Уин (я узнал его) смеётся.
«Переворачивайся»
«Да ну… Нахватался людских приёмчиков, да?»
«Не нахватался, а освоил. Переворачивайся! А, ты так?..»
— Доченька! — пожилая женщина рыдает на груди у молоденькой девушки, в которой я узнаю убитую Жанну. — Да мы уж и не чаяли увидеть тебя. Ведь семь недель прошло! Мы думали, они убили тебя, эти звери…
— Ну что ты, мама, — девушка гладит и гладит бедную женщину по голове. — Я убежала от них тогда, и меня спрятал один старый монах-отшельник, ты знаешь, старый Жак…
— Разве он ещё жив?
— Был жив, мама. Я вернулась бы раньше, но старик заболел и не мог вставать. Не могла же я его бросить за его доброту. А три дня назад его убили английские солдаты — побоялись заразы. И хижину сожгли. Так что я снова тут.
Мать гладит её по лицу, вглядывается.
— Я боюсь за тебя, Жанна. Ты у меня такая красавица! А сейчас ещё как будто краше стала… Лицо прямо прозрачное. И глаза у тебя сегодня такие…
Действительно, глаза девушки будто излучают внутренний свет. Душу трудно спрятать.
— Замуж бы тебе, дочка… Да никто теперь не женится почти. Парней мало, да и те воюют. Война, война, без конца и края война…
— Нет, мама, — девушка смотрит без улыбки. — Рано мне замуж. Сперва надо покончить с войной.

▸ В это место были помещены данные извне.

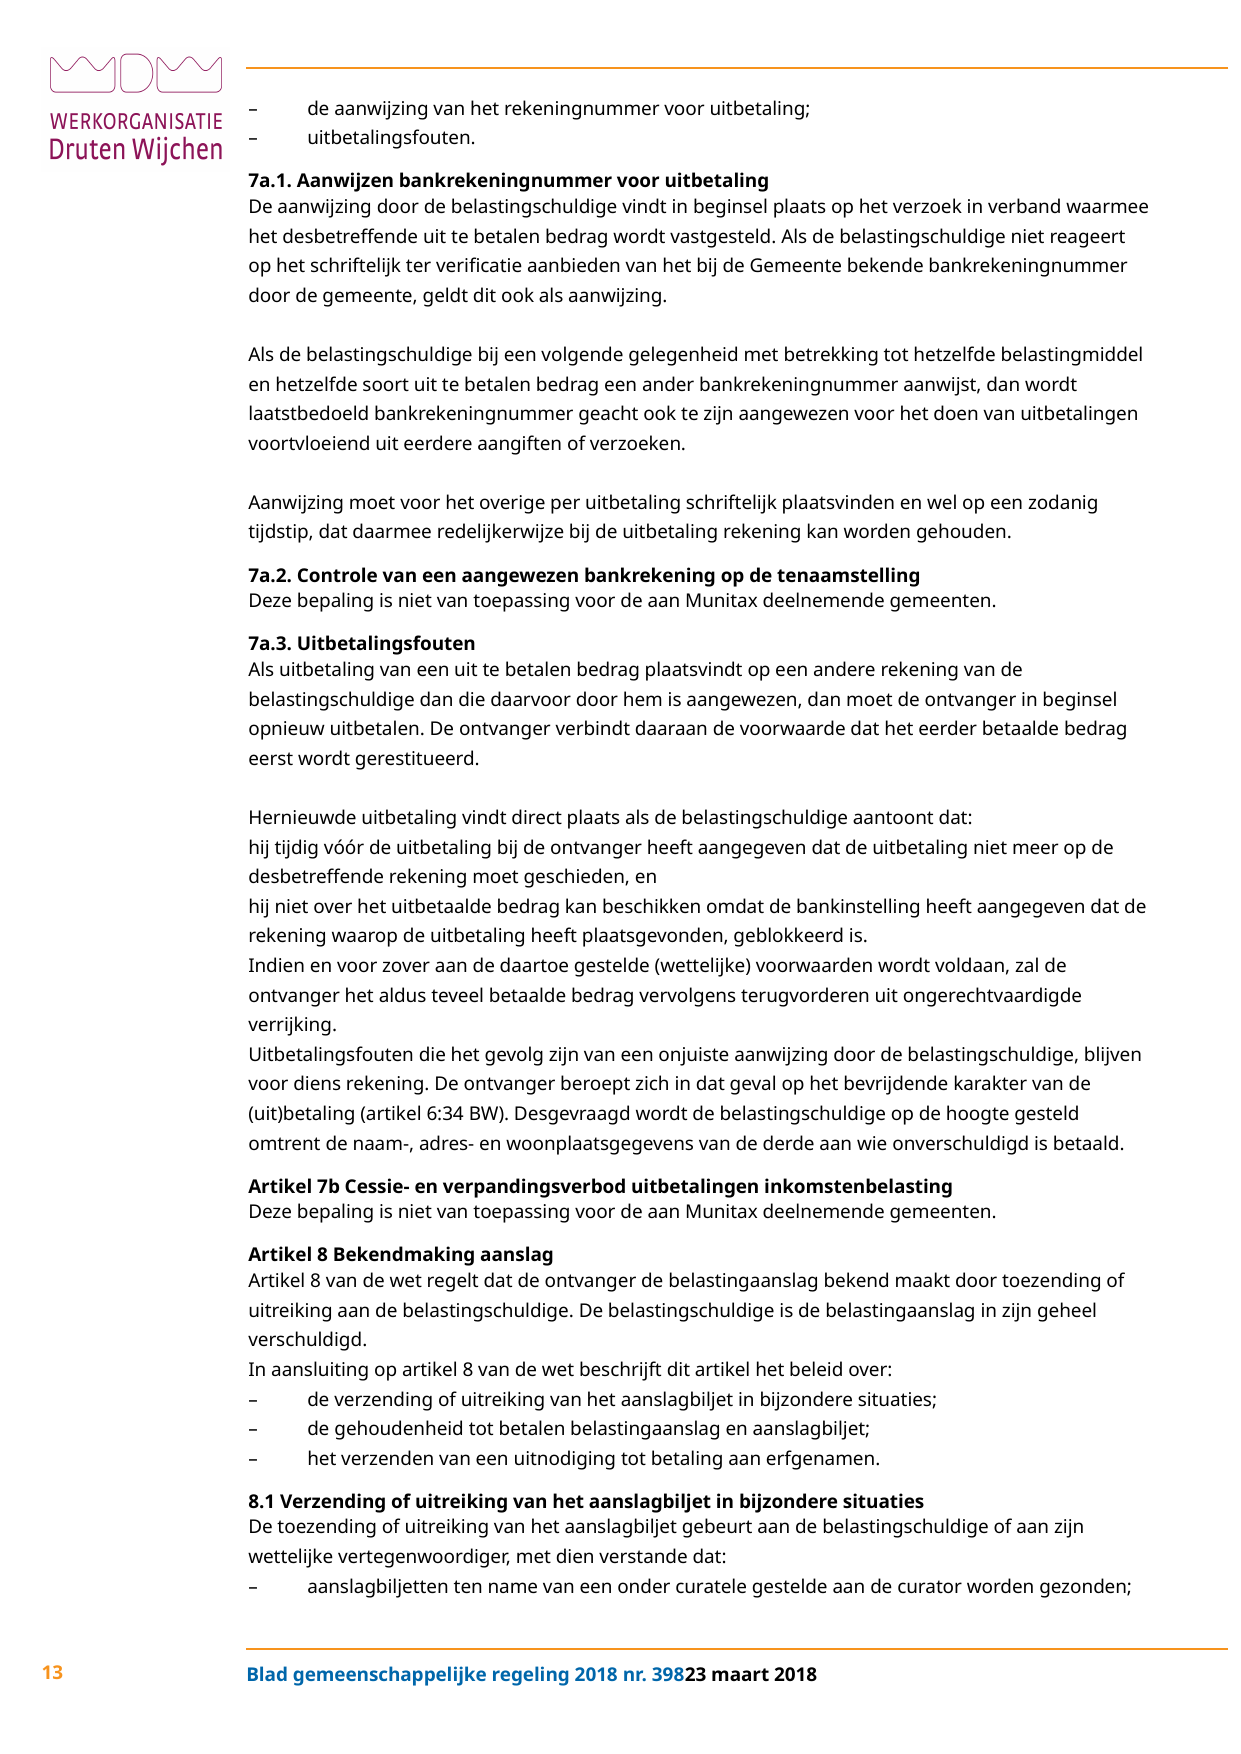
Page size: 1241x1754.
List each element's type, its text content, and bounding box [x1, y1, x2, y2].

text De aanwijzing door de belastingschuldige vindt in beginsel plaats op het verzoek in verband waarmee het desbetreffende uit te betalen bedrag wordt vastgesteld. Als de belastingschuldige niet reageert op het schriftelijk ter verificatie aanbieden van het bij de Gemeente bekende bankrekeningnummer door de gemeente, geldt dit ook als aanwijzing. [248, 193, 1152, 308]
text 7a.3. Uitbetalingsfouten [248, 631, 1152, 656]
text De toezending of uitreiking van het aanslagbiljet gebeurt aan de belastingschuldige of aan zijn wettelijke vertegenwoordiger, met dien verstande dat: [248, 1514, 1152, 1569]
text Deze bepaling is niet van toepassing voor de aan Munitax deelnemende gemeenten. [248, 587, 1152, 613]
text In aansluiting op artikel 8 van de wet beschrijft dit artikel het beleid over: [248, 1356, 1152, 1382]
list de gehoudenheid tot betalen belastingaanslag en aanslagbiljet; [248, 1415, 1152, 1441]
text 7a.1. Aanwijzen bankrekeningnummer voor uitbetaling [248, 167, 1152, 193]
text Deze bepaling is niet van toepassing voor de aan Munitax deelnemende gemeenten. [248, 1198, 1152, 1224]
text hij tijdig vóór de uitbetaling bij de ontvanger heeft aangegeven dat de uitbetaling niet meer op de desbetreffende rekening moet geschieden, en [248, 834, 1152, 889]
text Artikel 8 Bekendmaking aanslag [248, 1242, 1152, 1267]
text Indien en voor zover aan de daartoe gestelde (wettelijke) voorwaarden wordt voldaan, zal de ontvanger het aldus teveel betaalde bedrag vervolgens terugvorderen uit ongerechtvaardigde verrijking. [248, 952, 1152, 1037]
list de aanwijzing van het rekeningnummer voor uitbetaling; [248, 95, 1152, 121]
text Hernieuwde uitbetaling vindt direct plaats als de belastingschuldige aantoont dat: [248, 804, 1152, 830]
picture [41, 47, 231, 172]
text hij niet over het uitbetaalde bedrag kan beschikken omdat de bankinstelling heeft aangegeven dat de rekening waarop de uitbetaling heeft plaatsgevonden, geblokkeerd is. [248, 893, 1152, 948]
text Aanwijzing moet voor het overige per uitbetaling schriftelijk plaatsvinden en wel op een zodanig tijdstip, dat daarmee redelijkerwijze bij de uitbetaling rekening kan worden gehouden. [248, 489, 1152, 544]
list de verzending of uitreiking van het aanslagbiljet in bijzondere situaties; [248, 1386, 1152, 1411]
text 8.1 Verzending of uitreiking van het aanslagbiljet in bijzondere situaties [248, 1488, 1152, 1514]
text 7a.2. Controle van een aangewezen bankrekening op de tenaamstelling [248, 562, 1152, 587]
text Artikel 7b Cessie- en verpandingsverbod uitbetalingen inkomstenbelasting [248, 1173, 1152, 1198]
text Als de belastingschuldige bij een volgende gelegenheid met betrekking tot hetzelfde belastingmiddel en hetzelfde soort uit te betalen bedrag een ander bankrekeningnummer aanwijst, dan wordt laatstbedoeld bankrekeningnummer geacht ook te zijn aangewezen voor het doen van uitbetalingen voortvloeiend uit eerdere aangiften of verzoeken. [248, 341, 1152, 456]
text Als uitbetaling van een uit te betalen bedrag plaatsvindt op een andere rekening van de belastingschuldige dan die daarvoor door hem is aangewezen, dan moet de ontvanger in beginsel opnieuw uitbetalen. De ontvanger verbindt daaraan de voorwaarde dat het eerder betaalde bedrag eerst wordt gerestitueerd. [248, 656, 1152, 771]
text Uitbetalingsfouten die het gevolg zijn van een onjuiste aanwijzing door de belastingschuldige, blijven voor diens rekening. De ontvanger beroept zich in dat geval op het bevrijdende karakter van de (uit)betaling (artikel 6:34 BW). Desgevraagd wordt de belastingschuldige op de hoogte gesteld omtrent de naam-, adres- en woonplaatsgegevens van de derde aan wie onverschuldigd is betaald. [248, 1041, 1152, 1155]
text Artikel 8 van de wet regelt dat de ontvanger de belastingaanslag bekend maakt door toezending of uitreiking aan de belastingschuldige. De belastingschuldige is de belastingaanslag in zijn geheel verschuldigd. [248, 1267, 1152, 1352]
list aanslagbiljetten ten name van een onder curatele gestelde aan de curator worden gezonden; [248, 1573, 1152, 1599]
list het verzenden van een uitnodiging tot betaling aan erfgenamen. [248, 1445, 1152, 1471]
list uitbetalingsfouten. [248, 124, 1152, 150]
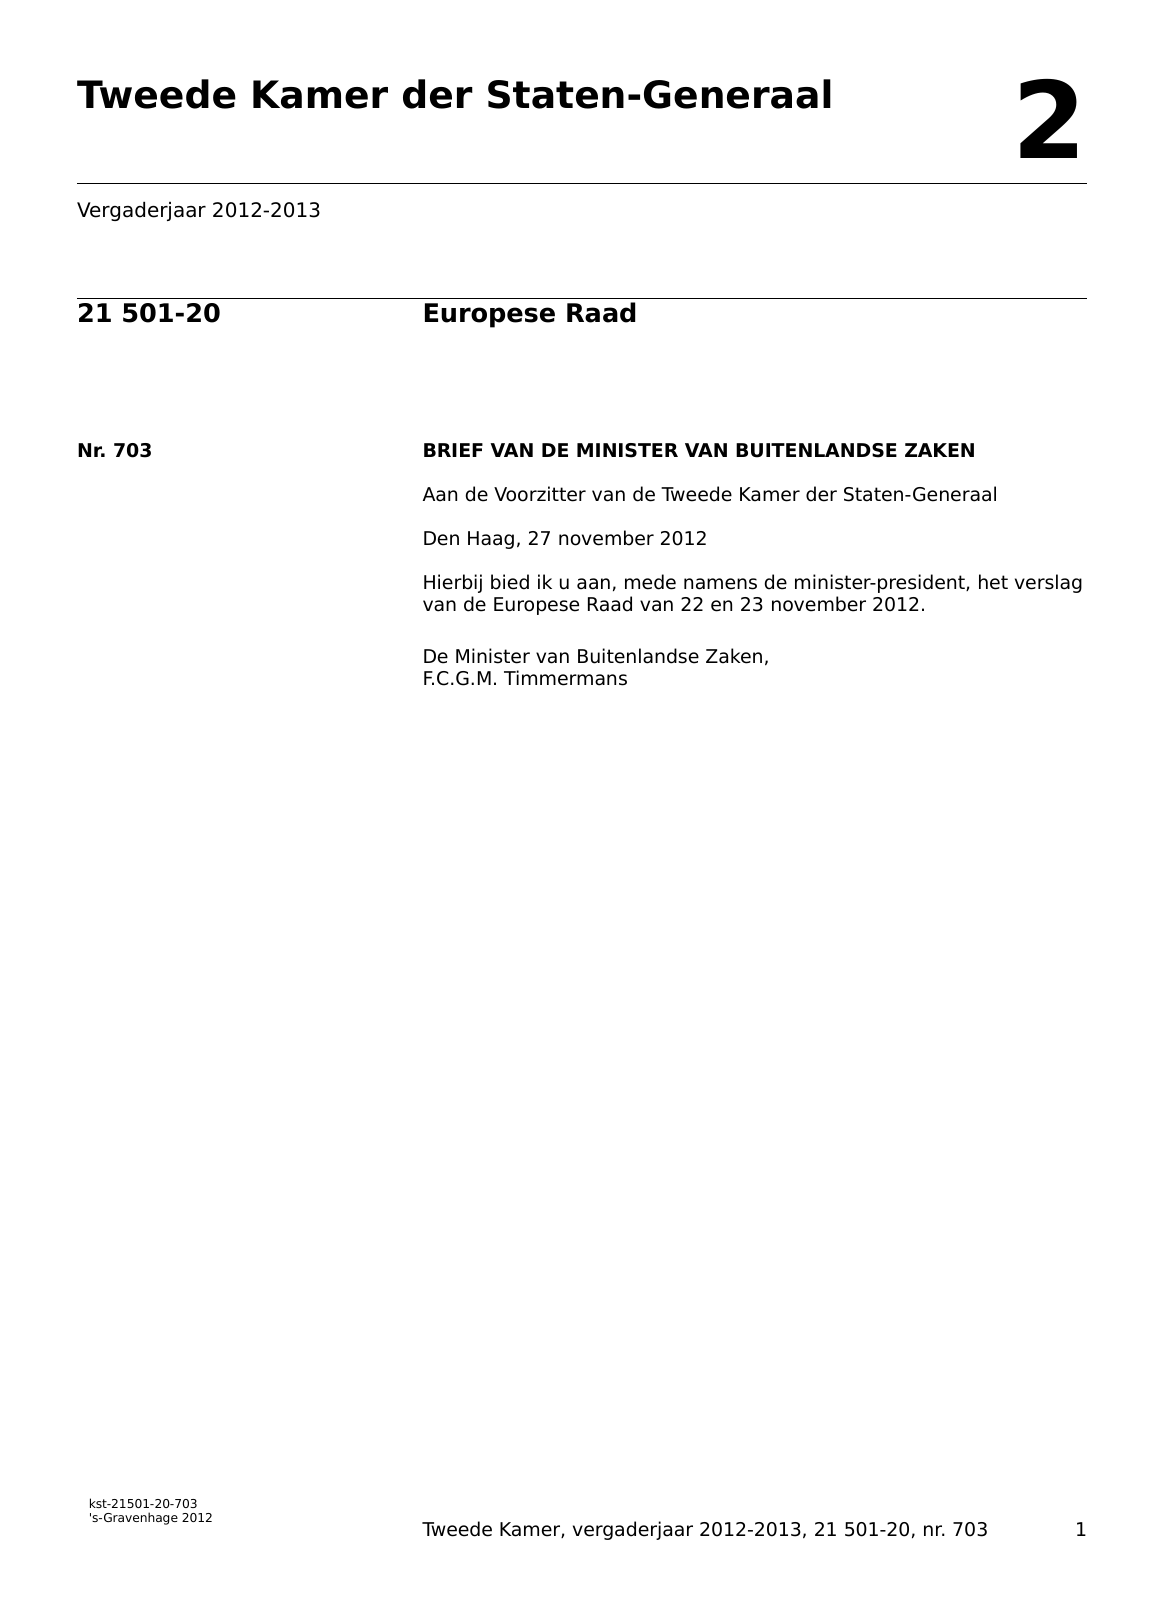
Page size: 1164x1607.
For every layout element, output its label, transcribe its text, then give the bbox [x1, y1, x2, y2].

text De Minister van Buitenlandse Zaken, F.C.G.M. Timmermans [422, 646, 1087, 690]
text Aan de Voorzitter van de Tweede Kamer der Staten-Generaal [422, 484, 1087, 506]
table_header 2 [886, 59, 1087, 183]
text Hierbij bied ik u aan, mede namens de minister-president, het verslag van de Europese Raad van 22 en 23 november 2012. [422, 572, 1087, 616]
subtitle 21 501-20 Europese Raad [77, 299, 1087, 329]
subtitle Nr. 703 BRIEF VAN DE MINISTER VAN BUITENLANDSE ZAKEN [77, 440, 1087, 462]
table_cell Vergaderjaar 2012-2013 [77, 184, 1087, 298]
table_header Tweede Kamer der Staten-Generaal [77, 59, 886, 183]
text Den Haag, 27 november 2012 [422, 528, 1087, 550]
text 's-Gravenhage 2012 [88, 1511, 323, 1525]
text kst-21501-20-703 [88, 1497, 323, 1511]
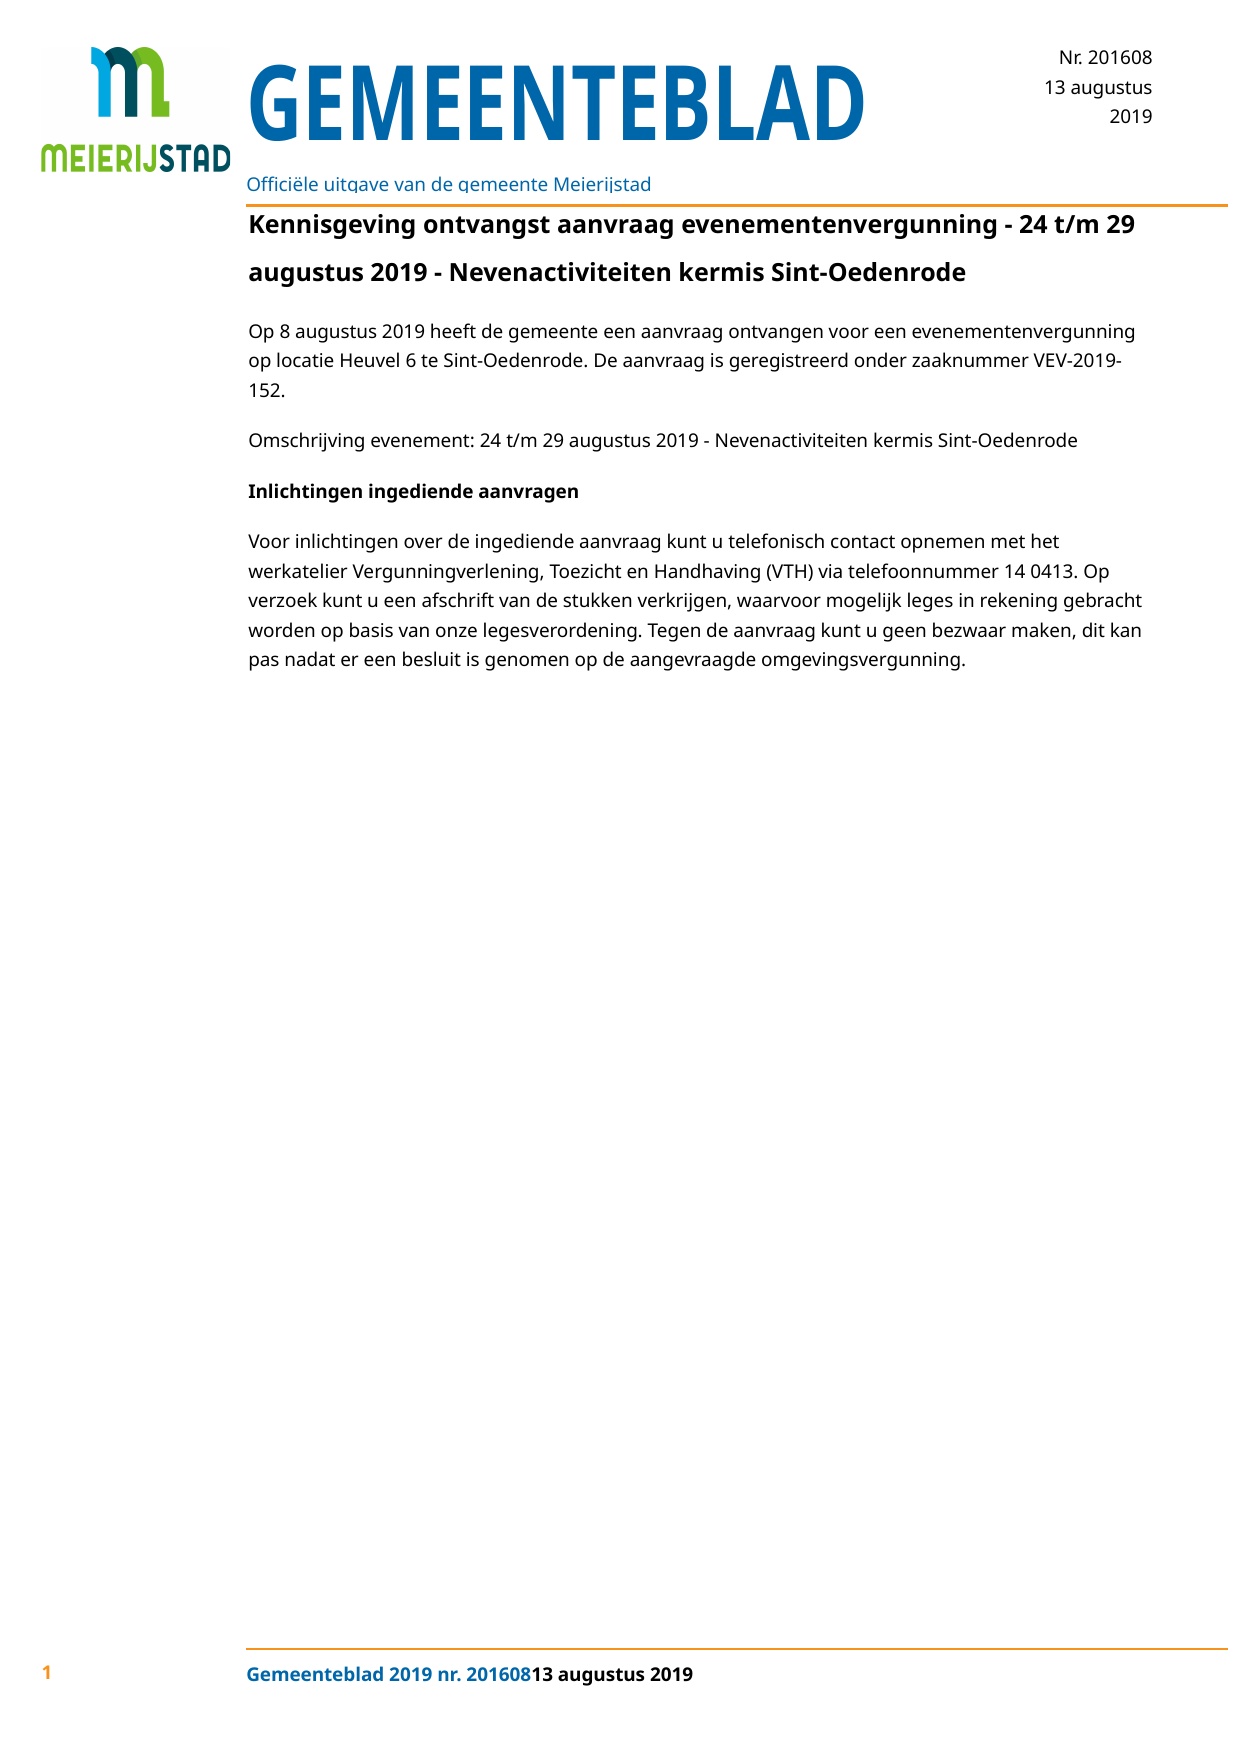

Женщина медленно осеняет себя крестным знамением.
Увесистый крылатый кулёк с шумом обрушивается мне на голову, волосы закрывают глаза (отросли, кстати, надо бы постричься…). Проснулась, Нечаянная ты наша радость… Она здорово поправилась за последнее время. Но я уже не опасаюсь за шейные позвонки — во-первых, изрядно натренировал шею, регулярно принимая на голову летающий груз, а во-вторых, у меня уже выработался условный рефлекс, шейные мышцы мгновенно напрягаются, и голова сама принимает удобное для посадки этой самой Радости положение. Вон на Земле африканские женщины с детства начинают привыкать, так что после замужества легко могут носить на голове даже собственного мужа.
— Зверь, ты мешаешь мне заниматься! — я щёлкаю пальцами, останавливая видеозапись. Зверь в ответ урчит, явно намекая, что никакие мои дела не могут служить оправданием. Режим питания нарушать нельзя!
«Ира, Ир…»
«Ау! Что случилось, любимый?»
«Наша общая Радость проснулась. Чем сегодня кормить?»
«Там в корзинке, прямо над «домовым», дашь ей сегодня розовый гриб. Там и тебе всего хватит, кстати»
«У тебя всё хорошо?»
Я чувствую её досаду.
«Какое там хорошо. Я загнала противников в угол, но они забаррикадировались, и не берут их никакие аргументы. Знаешь, сейчас мне кажется, что не только люди — лошадь Чалка намного разумнее этих… А ты ещё себя обзываешь балбесом»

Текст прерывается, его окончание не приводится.